=== AVAILABLE DATA ===
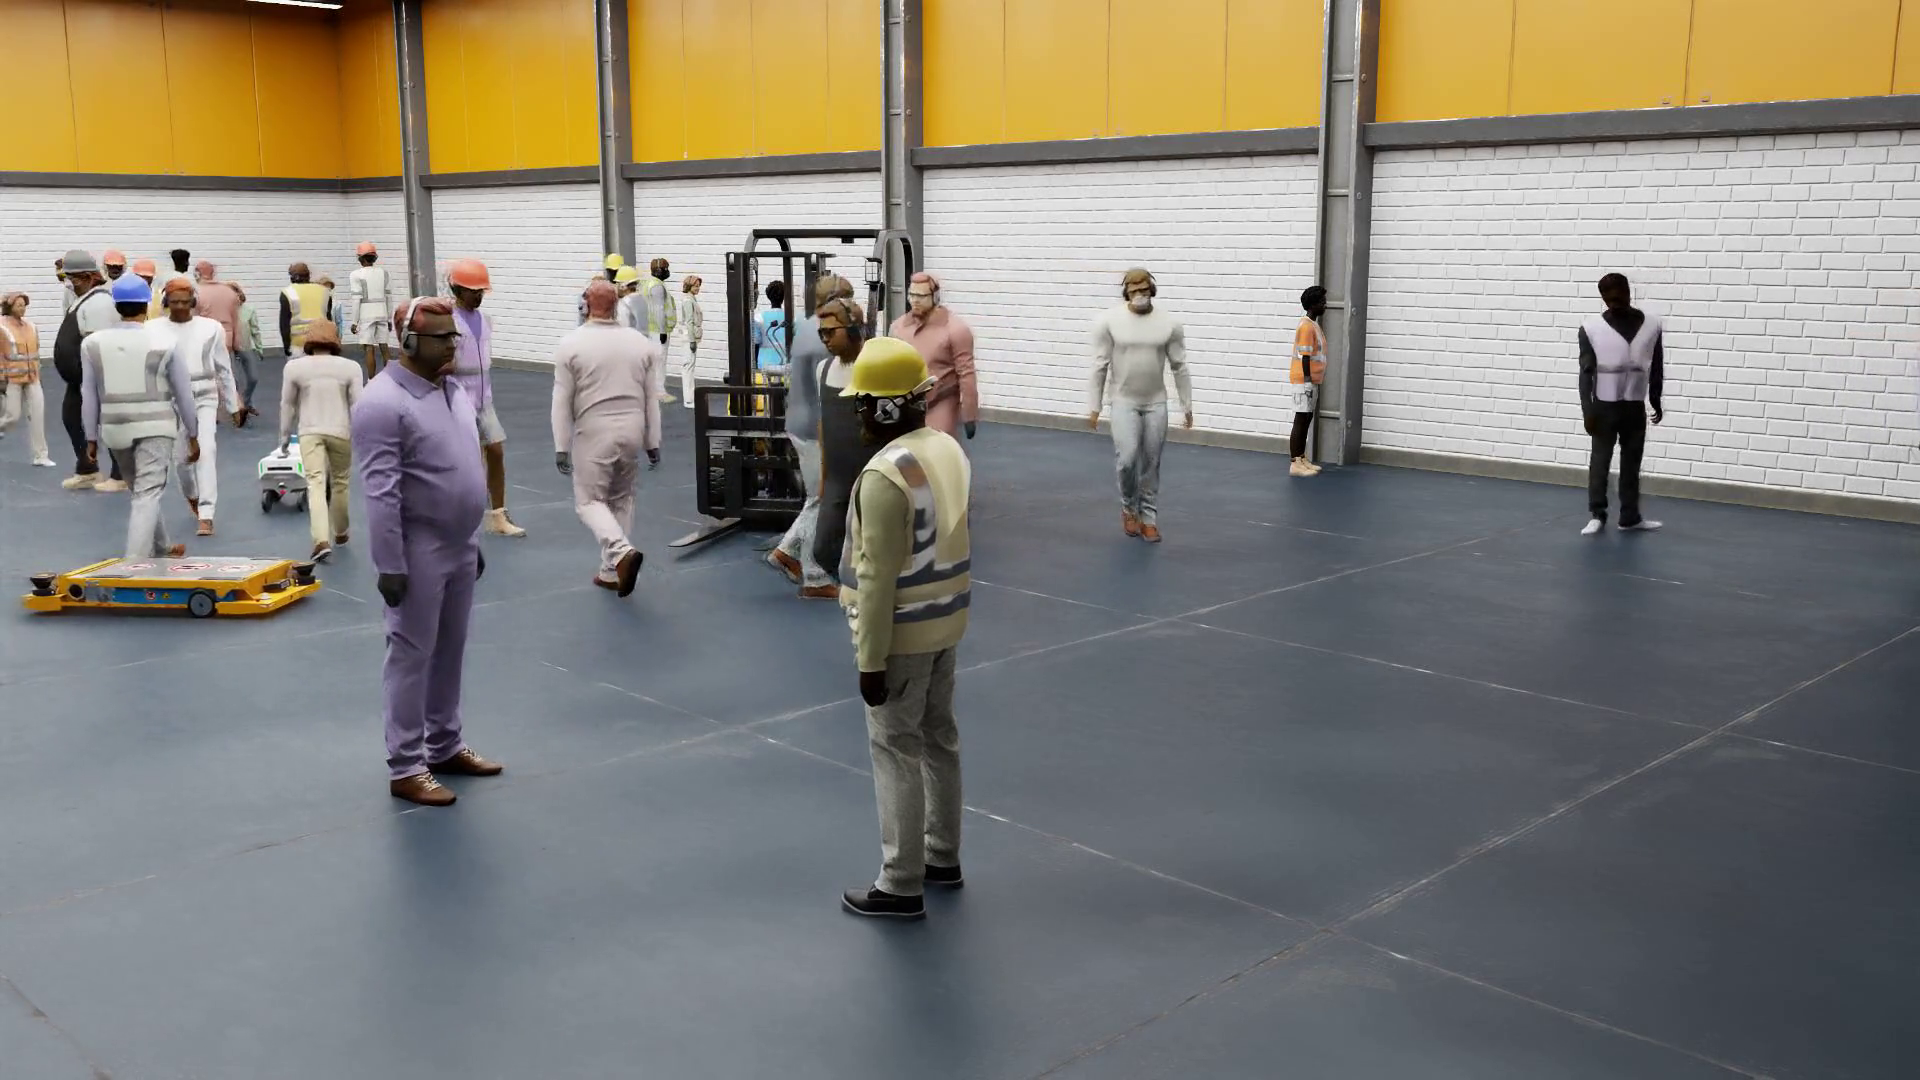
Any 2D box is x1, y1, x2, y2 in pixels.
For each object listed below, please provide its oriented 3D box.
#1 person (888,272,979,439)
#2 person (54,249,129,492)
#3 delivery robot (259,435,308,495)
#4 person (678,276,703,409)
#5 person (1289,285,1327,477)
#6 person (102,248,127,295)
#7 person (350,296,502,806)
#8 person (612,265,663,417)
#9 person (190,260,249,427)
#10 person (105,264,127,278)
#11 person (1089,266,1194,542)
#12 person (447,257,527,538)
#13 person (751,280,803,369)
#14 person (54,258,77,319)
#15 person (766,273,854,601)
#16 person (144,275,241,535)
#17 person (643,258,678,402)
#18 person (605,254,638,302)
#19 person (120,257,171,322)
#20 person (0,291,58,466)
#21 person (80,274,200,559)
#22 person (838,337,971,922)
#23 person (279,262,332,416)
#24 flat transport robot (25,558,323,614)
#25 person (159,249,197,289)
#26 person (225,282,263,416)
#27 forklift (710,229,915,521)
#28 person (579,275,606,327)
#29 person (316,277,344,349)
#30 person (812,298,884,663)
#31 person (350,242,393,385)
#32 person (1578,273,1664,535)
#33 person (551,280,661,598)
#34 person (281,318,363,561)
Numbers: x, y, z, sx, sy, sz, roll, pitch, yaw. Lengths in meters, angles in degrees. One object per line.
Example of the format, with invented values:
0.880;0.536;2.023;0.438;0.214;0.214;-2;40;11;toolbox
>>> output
-0.223;-0.872;11.329;0.687;1.887;0.426;7;13;34;person
-7.261;-1.400;13.778;0.671;2.000;0.687;-8;13;-38;person
-5.263;-0.580;13.108;0.477;0.478;0.707;-1;10;-7;delivery robot
-3.317;-2.438;20.541;0.314;1.636;0.514;-1;10;-7;person
3.099;-1.413;14.811;0.320;1.694;0.531;4;11;20;person
-9.473;-2.285;18.751;0.639;1.983;0.442;-7;12;-32;person
-2.000;0.034;6.332;0.403;1.904;0.651;2;11;13;person
-3.448;-1.999;17.662;0.585;1.816;0.598;3;11;17;person
-8.314;-2.189;18.598;0.937;1.863;0.648;5;12;26;person
-12.377;-3.293;24.624;0.619;1.848;0.440;4;11;19;person
1.260;-0.923;11.523;0.734;1.914;0.467;-1;10;-7;person
-3.547;-0.986;11.693;0.825;1.993;0.610;5;12;26;person
-1.778;-1.681;16.249;0.536;1.696;0.318;-1;10;-6;person
-10.852;-2.514;20.363;0.410;1.850;0.554;-3;11;-16;person
-0.834;-0.593;9.724;0.469;1.913;0.691;-2;11;-10;person
-5.582;-0.990;12.088;0.633;1.860;0.831;-4;11;-20;person
-3.842;-2.690;21.358;0.429;1.841;0.633;-3;11;-18;person
-4.122;-2.513;20.215;0.606;1.901;0.763;-6;12;-29;person
-8.772;-2.099;17.955;0.545;1.912;0.778;-6;12;-28;person
-8.711;-1.479;15.343;0.612;1.622;0.524;4;11;20;person
-4.996;-0.670;10.190;0.635;1.894;1.027;-1;10;-3;person
-0.179;0.281;5.219;0.403;1.825;0.596;5;11;24;person
-7.577;-2.306;19.313;0.641;1.822;0.437;-10;14;-42;person
-4.522;0.252;9.601;1.431;0.197;0.652;1;10;5;flat transport robot
-10.784;-3.067;23.108;0.643;1.947;0.431;5;11;24;person
-8.382;-2.188;19.269;0.530;1.604;0.518;-9;14;-41;person
-1.050;-1.319;12.920;1.214;2.155;2.313;2;11;13;forklift
-4.799;-2.720;22.116;0.529;1.613;0.597;-3;11;-18;person
-7.979;-2.482;20.829;0.541;1.608;0.595;-10;14;-43;person
-0.504;-0.281;8.255;0.633;1.824;0.413;8;13;38;person
-7.956;-2.990;22.468;0.391;2.034;0.605;8;13;38;person
4.745;-0.957;11.840;0.767;1.874;0.389;-1;10;-5;person
-2.045;-0.584;9.796;0.659;1.881;0.723;-8;13;-38;person
-4.244;-0.681;11.104;0.539;1.583;0.887;-4;11;-21;person
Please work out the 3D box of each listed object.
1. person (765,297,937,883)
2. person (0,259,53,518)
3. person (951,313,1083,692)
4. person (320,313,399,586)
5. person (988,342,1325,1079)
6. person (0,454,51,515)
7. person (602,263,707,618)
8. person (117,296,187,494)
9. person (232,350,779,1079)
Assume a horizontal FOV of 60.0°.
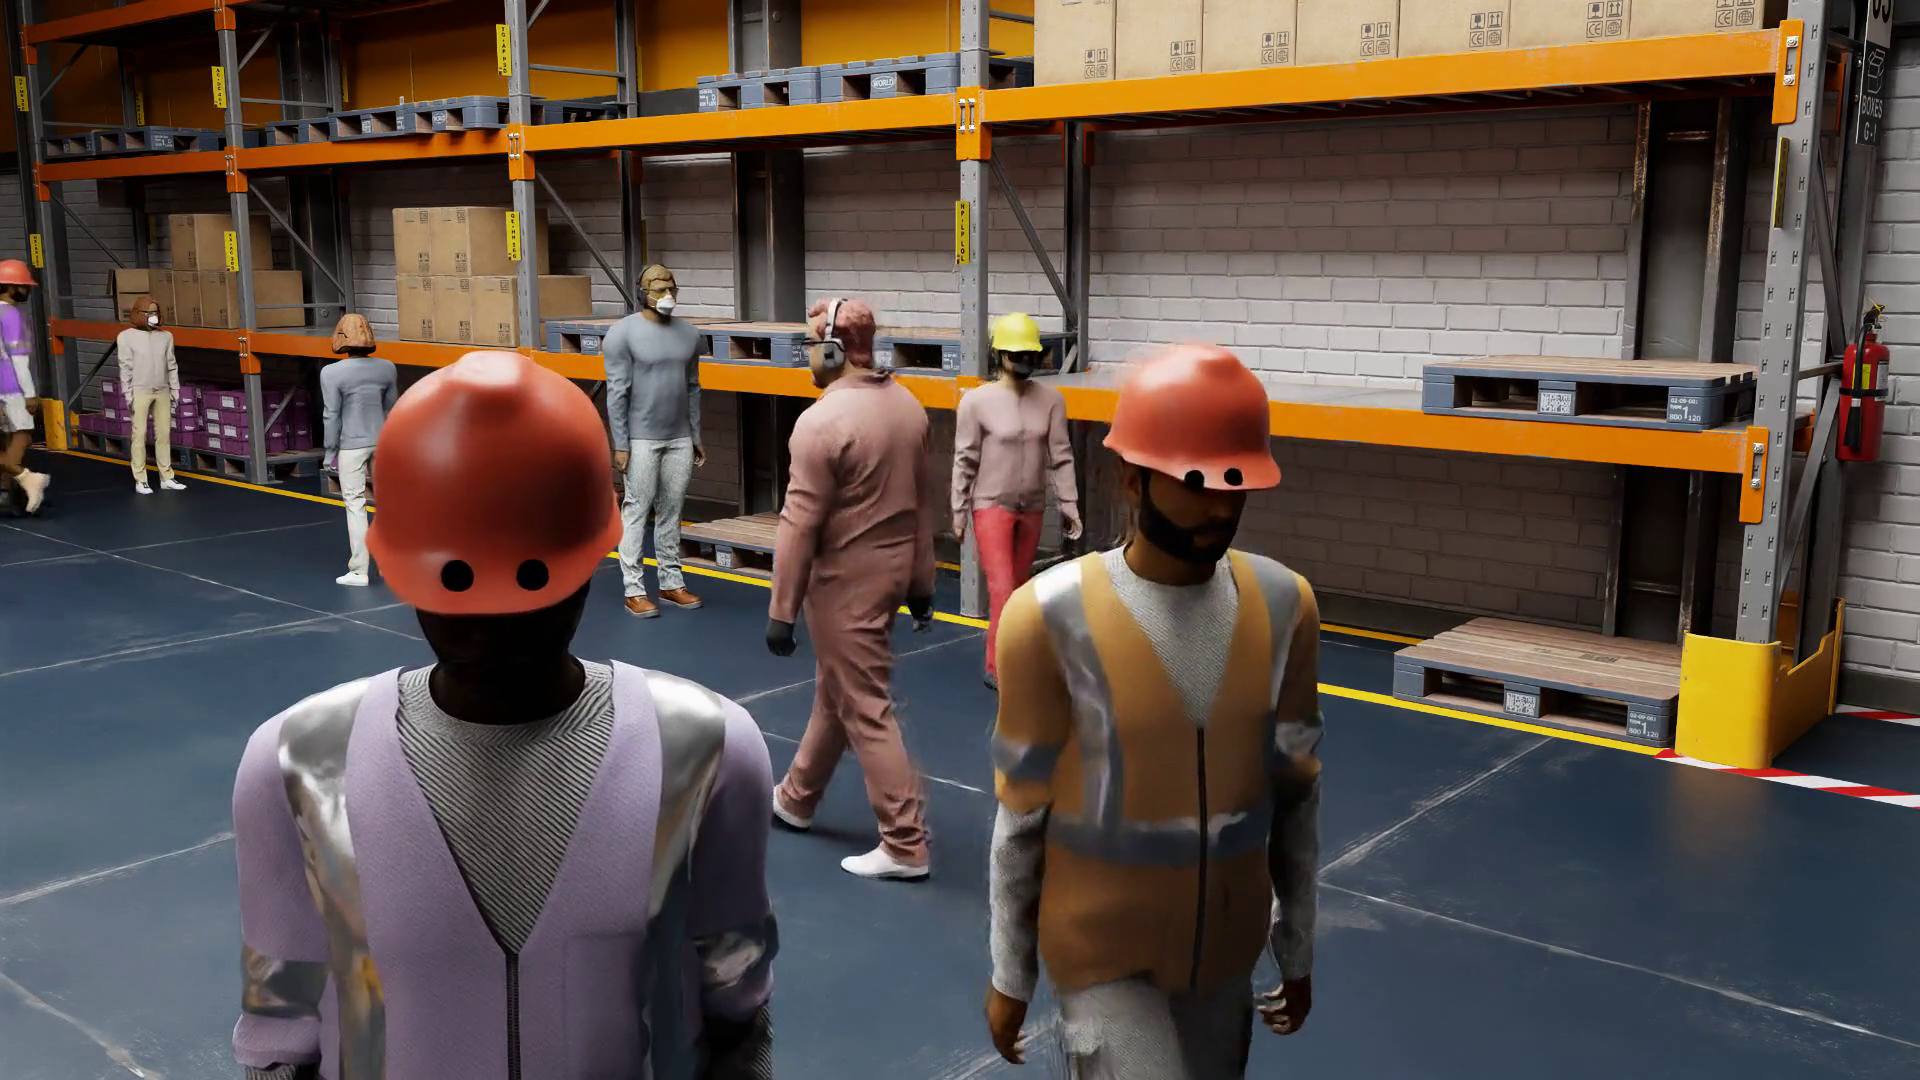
[{"bbox_3d":[-0.434,0.150,5.441,0.898,1.861,0.670,5,11,28],"label":"person"},{"bbox_3d":[-7.221,-1.148,12.617,0.541,1.937,0.720,-10,14,-44],"label":"person"},{"bbox_3d":[0.275,-0.113,7.275,0.537,1.735,0.780,-6,11,-30],"label":"person"},{"bbox_3d":[-3.598,-0.540,10.015,0.286,1.633,0.499,8,13,37],"label":"person"},{"bbox_3d":[0.300,0.613,2.738,0.546,1.898,0.936,-4,11,-19],"label":"person"},{"bbox_3d":[-7.041,-1.068,11.921,0.625,2.021,0.804,10,14,43],"label":"person"},{"bbox_3d":[-1.670,-0.553,9.221,0.379,1.940,0.629,9,14,43],"label":"person"},{"bbox_3d":[-6.705,-1.199,13.792,0.277,1.628,0.500,7,12,33],"label":"person"},{"bbox_3d":[-0.444,0.770,1.721,0.543,1.928,0.373,-3,10,-15],"label":"person"}]

=== PROBLEM DESCRIPTION ===
No pictures belong in the answer; copy all other parts of the listing exactly.

=== RESULT FOR THIS EXERCISE ===
Any 2D box is x1, y1, x2, y2 in pixels.
For each object listed below, please provide its oriented 3D box.
#1 person (888,272,979,439)
#2 person (54,249,129,492)
#3 delivery robot (259,435,308,495)
#4 person (678,276,703,409)
#5 person (1289,285,1327,477)
#6 person (102,248,127,295)
#7 person (350,296,502,806)
#8 person (612,265,663,417)
#9 person (190,260,249,427)
#10 person (105,264,127,278)
#11 person (1089,266,1194,542)
#12 person (447,257,527,538)
#13 person (751,280,803,369)
#14 person (54,258,77,319)
#15 person (766,273,854,601)
#16 person (144,275,241,535)
#17 person (643,258,678,402)
#18 person (605,254,638,302)
#19 person (120,257,171,322)
#20 person (0,291,58,466)
#21 person (80,274,200,559)
#22 person (838,337,971,922)
#23 person (279,262,332,416)
#24 flat transport robot (25,558,323,614)
#25 person (159,249,197,289)
#26 person (225,282,263,416)
#27 forklift (710,229,915,521)
#28 person (579,275,606,327)
#29 person (316,277,344,349)
#30 person (812,298,884,663)
#31 person (350,242,393,385)
#32 person (1578,273,1664,535)
#33 person (551,280,661,598)
#34 person (281,318,363,561)
Numbers: x, y, z, sx, sy, sz, roll, pitch, yaw. Lengths in meters, angles in degrees. One object per line.
Example of the format, with invented values:
0.880;0.536;2.023;0.438;0.214;0.214;-2;40;11;toolbox
>>> output
-0.223;-0.872;11.329;0.687;1.887;0.426;7;13;34;person
-7.261;-1.400;13.778;0.671;2.000;0.687;-8;13;-38;person
-5.263;-0.580;13.108;0.477;0.478;0.707;-1;10;-7;delivery robot
-3.317;-2.438;20.541;0.314;1.636;0.514;-1;10;-7;person
3.099;-1.413;14.811;0.320;1.694;0.531;4;11;20;person
-9.473;-2.285;18.751;0.639;1.983;0.442;-7;12;-32;person
-2.000;0.034;6.332;0.403;1.904;0.651;2;11;13;person
-3.448;-1.999;17.662;0.585;1.816;0.598;3;11;17;person
-8.314;-2.189;18.598;0.937;1.863;0.648;5;12;26;person
-12.377;-3.293;24.624;0.619;1.848;0.440;4;11;19;person
1.260;-0.923;11.523;0.734;1.914;0.467;-1;10;-7;person
-3.547;-0.986;11.693;0.825;1.993;0.610;5;12;26;person
-1.778;-1.681;16.249;0.536;1.696;0.318;-1;10;-6;person
-10.852;-2.514;20.363;0.410;1.850;0.554;-3;11;-16;person
-0.834;-0.593;9.724;0.469;1.913;0.691;-2;11;-10;person
-5.582;-0.990;12.088;0.633;1.860;0.831;-4;11;-20;person
-3.842;-2.690;21.358;0.429;1.841;0.633;-3;11;-18;person
-4.122;-2.513;20.215;0.606;1.901;0.763;-6;12;-29;person
-8.772;-2.099;17.955;0.545;1.912;0.778;-6;12;-28;person
-8.711;-1.479;15.343;0.612;1.622;0.524;4;11;20;person
-4.996;-0.670;10.190;0.635;1.894;1.027;-1;10;-3;person
-0.179;0.281;5.219;0.403;1.825;0.596;5;11;24;person
-7.577;-2.306;19.313;0.641;1.822;0.437;-10;14;-42;person
-4.522;0.252;9.601;1.431;0.197;0.652;1;10;5;flat transport robot
-10.784;-3.067;23.108;0.643;1.947;0.431;5;11;24;person
-8.382;-2.188;19.269;0.530;1.604;0.518;-9;14;-41;person
-1.050;-1.319;12.920;1.214;2.155;2.313;2;11;13;forklift
-4.799;-2.720;22.116;0.529;1.613;0.597;-3;11;-18;person
-7.979;-2.482;20.829;0.541;1.608;0.595;-10;14;-43;person
-0.504;-0.281;8.255;0.633;1.824;0.413;8;13;38;person
-7.956;-2.990;22.468;0.391;2.034;0.605;8;13;38;person
4.745;-0.957;11.840;0.767;1.874;0.389;-1;10;-5;person
-2.045;-0.584;9.796;0.659;1.881;0.723;-8;13;-38;person
-4.244;-0.681;11.104;0.539;1.583;0.887;-4;11;-21;person
Please work out the 3D box of each listed object.
1. person (765,297,937,883)
2. person (0,259,53,518)
3. person (951,313,1083,692)
4. person (320,313,399,586)
5. person (988,342,1325,1079)
6. person (0,454,51,515)
7. person (602,263,707,618)
8. person (117,296,187,494)
9. person (232,350,779,1079)
Assume a horizontal FOV of 60.0°.
[{"bbox_3d":[-0.434,0.150,5.441,0.898,1.861,0.670,5,11,28],"label":"person"},{"bbox_3d":[-7.221,-1.148,12.617,0.541,1.937,0.720,-10,14,-44],"label":"person"},{"bbox_3d":[0.275,-0.113,7.275,0.537,1.735,0.780,-6,11,-30],"label":"person"},{"bbox_3d":[-3.598,-0.540,10.015,0.286,1.633,0.499,8,13,37],"label":"person"},{"bbox_3d":[0.300,0.613,2.738,0.546,1.898,0.936,-4,11,-19],"label":"person"},{"bbox_3d":[-7.041,-1.068,11.921,0.625,2.021,0.804,10,14,43],"label":"person"},{"bbox_3d":[-1.670,-0.553,9.221,0.379,1.940,0.629,9,14,43],"label":"person"},{"bbox_3d":[-6.705,-1.199,13.792,0.277,1.628,0.500,7,12,33],"label":"person"},{"bbox_3d":[-0.444,0.770,1.721,0.543,1.928,0.373,-3,10,-15],"label":"person"}]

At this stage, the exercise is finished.